Books

'My Sister, The Serial Killer' Is As Deadly Fun As Its Title Indicates

by Sadie Trombetta

According to science, pop culture, and popular opinion, birth order can have a big effect on your psyche and the kind of person you grow up to be. Apparently, older siblings are typically more responsible, independent, and caregiving, and youngest siblings are usually the complete opposite. Known for their attention-seeking and risk-taking behaviors, the baby in the family tends to be a troublemaker, one capable of getting away with murder — or so the saying goes. But in Nigerian novelist Oyinkan Braithwaite's deadly debut, the saying proves itself true. A sly and sinister novel about secrets, sisterhood, and sibling rivalry, My Sister, the Serial Killer asks the question, how far would you be willing to go to protect your family? How far should you go?

The basic premise of Braithwaite's novel is in its title: My Sister, the Serial Killer is about a Nigerian woman whose younger sister has developed the nasty habit of murdering her boyfriends. Whenever she claims another life, she calls on her older sister to come clean up her mess — literally and figuratively.

"Ayoola summons me with these words — Korede, I killed him." At the start of the novel, Ayoola has claimed her third life, and for the third time, Korede, the book's narrator, comes to her aid. By now, Korede knows how to clean up a murder scene (it's a five-step process), what chemicals mask the smell of blood (when in doubt, use bleach), and where to dump a dead body in Lagos (over the bridge and into the water). What she doesn't know is whether or not her sister has killed in self-defense as she claims, or if there is something more sinister happening behind Ayoola's picture-perfect eyes.

"Femi makes three, you know. Three, and they label you a serial killer," Korede tells Muhtar, a coma patient at the hospital where she is a nurse. Her only confidant and the closest thing she has to a friend, Muhtar acts as a kind of confession booth for Korede, who tells him everything about Ayoola and their crimes. He is also the only one whom she tells about her feelings for Tade Otumu, the handsome doctor she's been pining over since the day they met.

But Tade does not feel the same way for her as she does for him, because, as Korde notes, "It is as though love is only for the beautiful." Tade does, however, fall for the more gorgeous Ayoola the moment he lays on her, like most men in the sisters' lives tend to do. "After all, Ayoola is short — her only flaw, if you consider that to be a flaw — whereas I am almost six feet tall," Korede explains. "Ayoola's skin is a color that sits comfortably between cream and caramel and I am the color of a Brazil nut, before it is peeled; she is made wholly of curves and I am composed of only hard edges."

As if being jealous of her sister isn't enough, now Korede has to worry about whether or not Tade will become Ayoola's next victim.

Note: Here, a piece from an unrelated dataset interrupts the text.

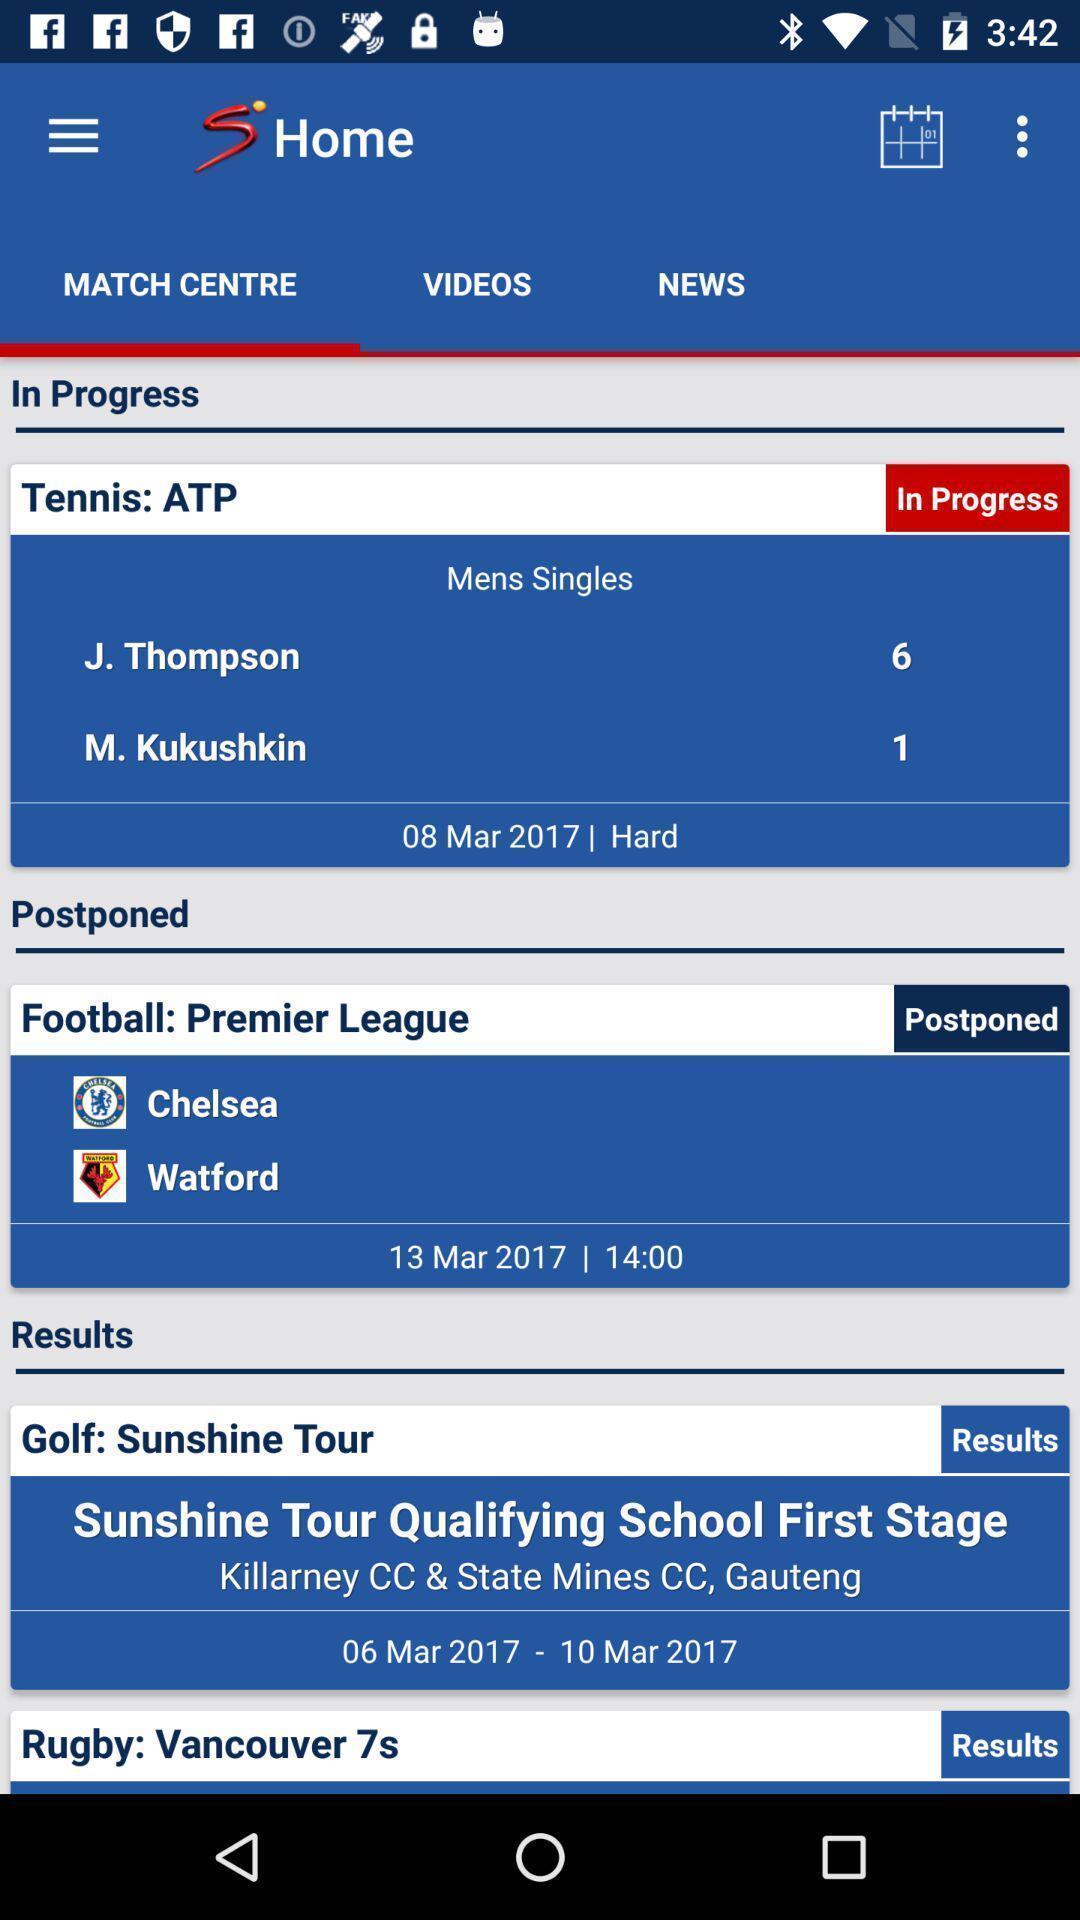What details can you identify in this image? Page showing match center in an sports application.

Worse still, she has to decide who she wants to protect: her baby sister, or the man she loves.

A tense and precise thriller that turns the typical serial killer story on its head, My Sister, the Serial Killer is bloody fun. With each short, unflinching chapter, Braithwaite ratchets up the tension and pulls readers further and further into Korde and Ayoola's darkly comic world. But what could be considered an otherwise sensational story about murderous maidens is rooted in a relatable narrative about sisterhood and the unbreakable, often suffocating bonds of family.

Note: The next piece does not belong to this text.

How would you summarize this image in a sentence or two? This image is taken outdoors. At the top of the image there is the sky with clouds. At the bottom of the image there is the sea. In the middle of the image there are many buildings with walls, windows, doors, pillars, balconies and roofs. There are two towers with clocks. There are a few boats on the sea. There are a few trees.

Beneath the surface of the major conflict of My Sister, the Serial Killer — Femi's murder and the subsequent investigation into it — is a much more interesting problem: Whether or not Ayoola's murders were a reaction to men hurting her, or a product of something else entirely. This is the question Korede (and readers) are desperate to find an answer to, but the more that is revealed about the sisters’ shared past, the murkier their present becomes.

Take, for example, the weapon Ayoola uses to kill each of her boyfriends: their father’s knife. “The knife was for her protection. You never knew with men, they wanted what they wanted when they wanted it,” Korede reasons at the beginning of the novel. Later though, she wonders if the knife itself has somehow cursed Ayoola with a violent streak: "Who is to say that an object does not come with its own agenda? Or that the collective agenda of its previous owners does not direct it still?"

The knife is just one small symbol of the family’s legacy of abuse and violence, specifically their father’s, that has been passed down through the generations. Both girls were raised in an unhappy patriarchal home ruled by a philandering, abusive father and an unstable, unhappy mother. As the book progresses, Korede peels back the layers of their past to reveal how fear, cruelty, and violence has shaped her and Ayoola's lives in different ways.

Like the knife Ayoola uses against her boyfriends, My Sister, the Serial Killer may be small, but it cuts deep. It's a sharp and witty thriller, one that offers a brief but intense look at the complicated nature of sisterhood and its perpetual swing between unquestionable loyalty and sheer resentment.